--- START ---

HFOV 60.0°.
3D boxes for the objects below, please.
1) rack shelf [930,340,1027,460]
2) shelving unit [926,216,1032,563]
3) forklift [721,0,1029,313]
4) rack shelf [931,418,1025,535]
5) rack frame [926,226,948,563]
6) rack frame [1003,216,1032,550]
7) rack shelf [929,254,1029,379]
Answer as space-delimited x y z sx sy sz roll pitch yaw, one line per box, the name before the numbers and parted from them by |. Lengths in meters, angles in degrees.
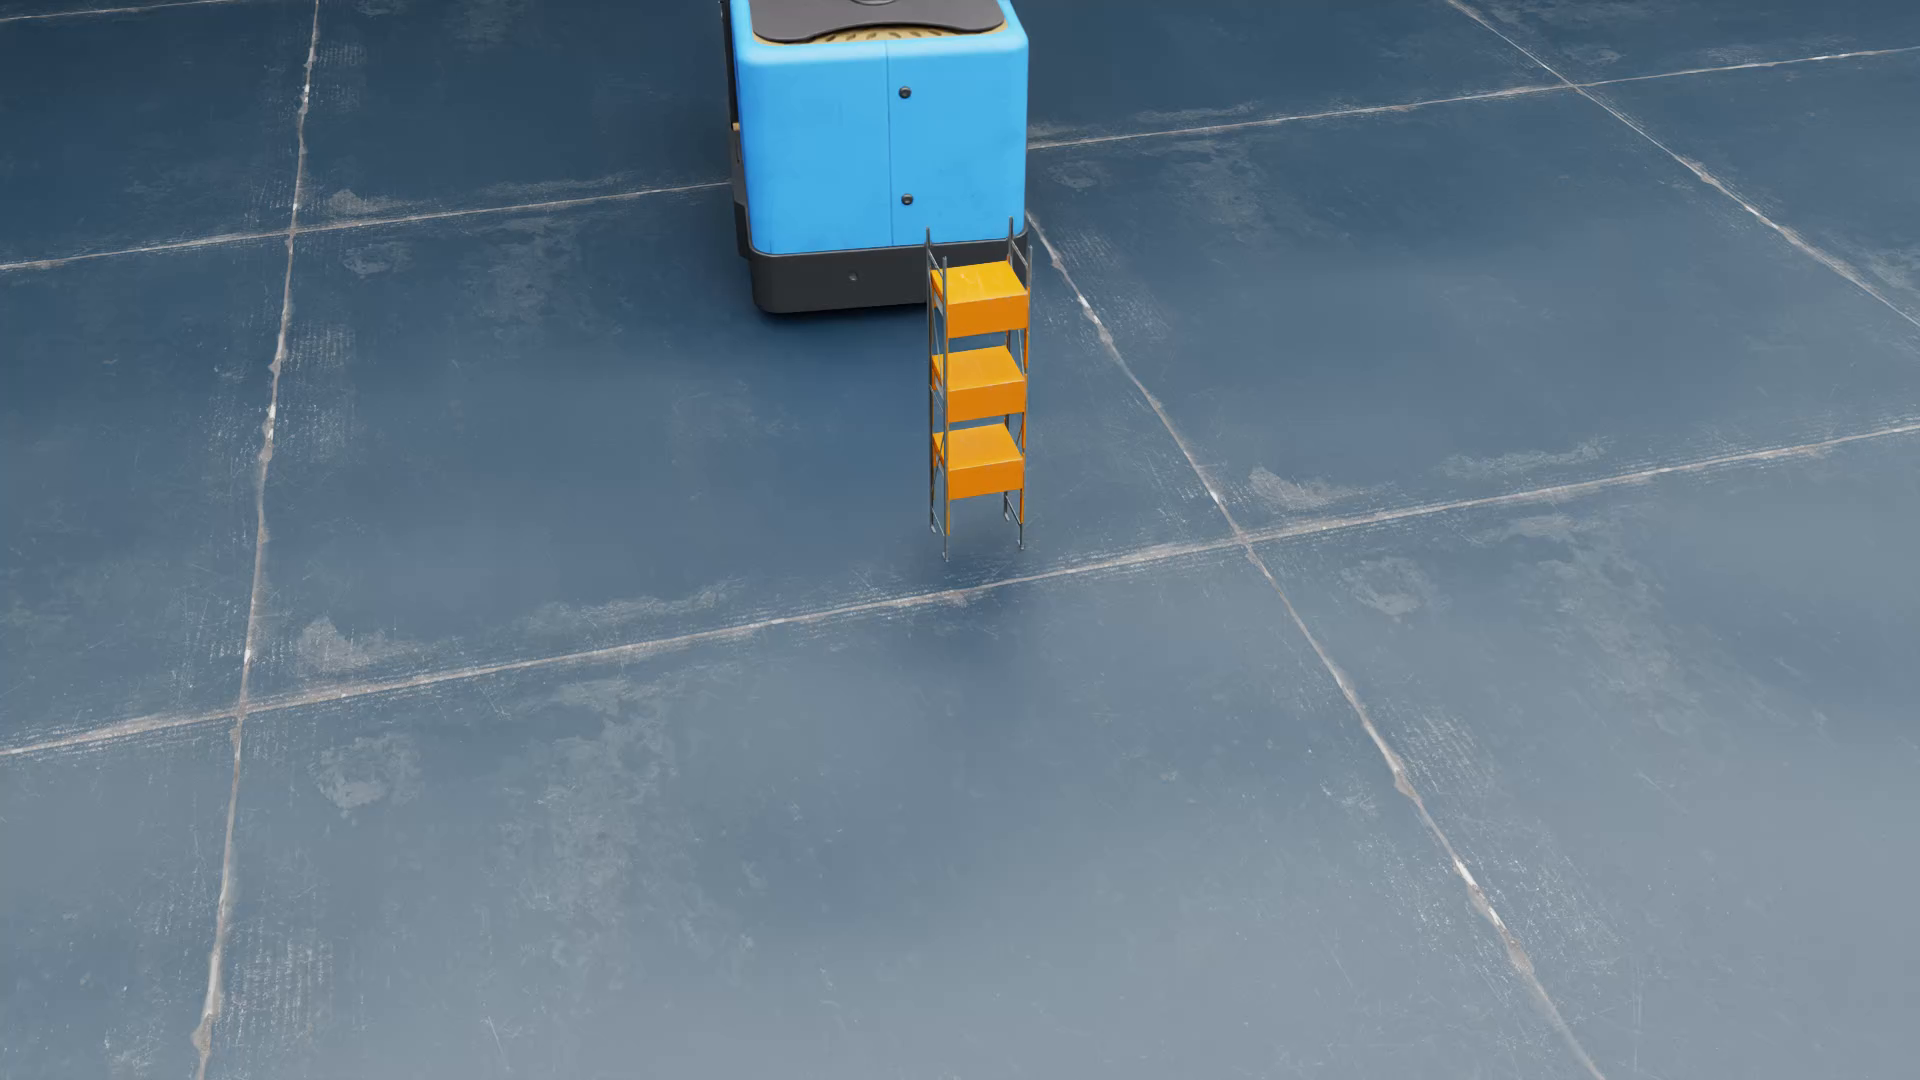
rack shelf | 0.052 -0.417 4.949 0.240 0.259 0.215 -9 38 -12
shelving unit | 0.052 -0.425 4.942 0.252 1.050 0.215 -9 38 -12
forklift | -0.476 -2.906 6.636 1.130 2.935 3.031 -5 38 -7
rack shelf | 0.052 -0.196 5.117 0.240 0.259 0.215 -9 38 -12
rack frame | -0.066 -0.406 4.917 0.008 1.050 0.200 -9 38 -12
rack frame | 0.169 -0.445 4.967 0.008 1.050 0.200 -9 38 -12
rack shelf | 0.052 -0.642 4.776 0.240 0.259 0.215 -9 38 -12

--- END ---

TASK OBJECTIVE: Nothing but the lines from the line with "5) rack frame [926,226,948,563]" through the last line of the data above should be printed, exactly as written and without pictures.

EXERCISE OUTPUT:
5) rack frame [926,226,948,563]
6) rack frame [1003,216,1032,550]
7) rack shelf [929,254,1029,379]
Answer as space-delimited x y z sx sy sz roll pitch yaw, one line per box, the name before the numbers and parted from them by |. Lengths in meters, angles in degrees.
rack shelf | 0.052 -0.417 4.949 0.240 0.259 0.215 -9 38 -12
shelving unit | 0.052 -0.425 4.942 0.252 1.050 0.215 -9 38 -12
forklift | -0.476 -2.906 6.636 1.130 2.935 3.031 -5 38 -7
rack shelf | 0.052 -0.196 5.117 0.240 0.259 0.215 -9 38 -12
rack frame | -0.066 -0.406 4.917 0.008 1.050 0.200 -9 38 -12
rack frame | 0.169 -0.445 4.967 0.008 1.050 0.200 -9 38 -12
rack shelf | 0.052 -0.642 4.776 0.240 0.259 0.215 -9 38 -12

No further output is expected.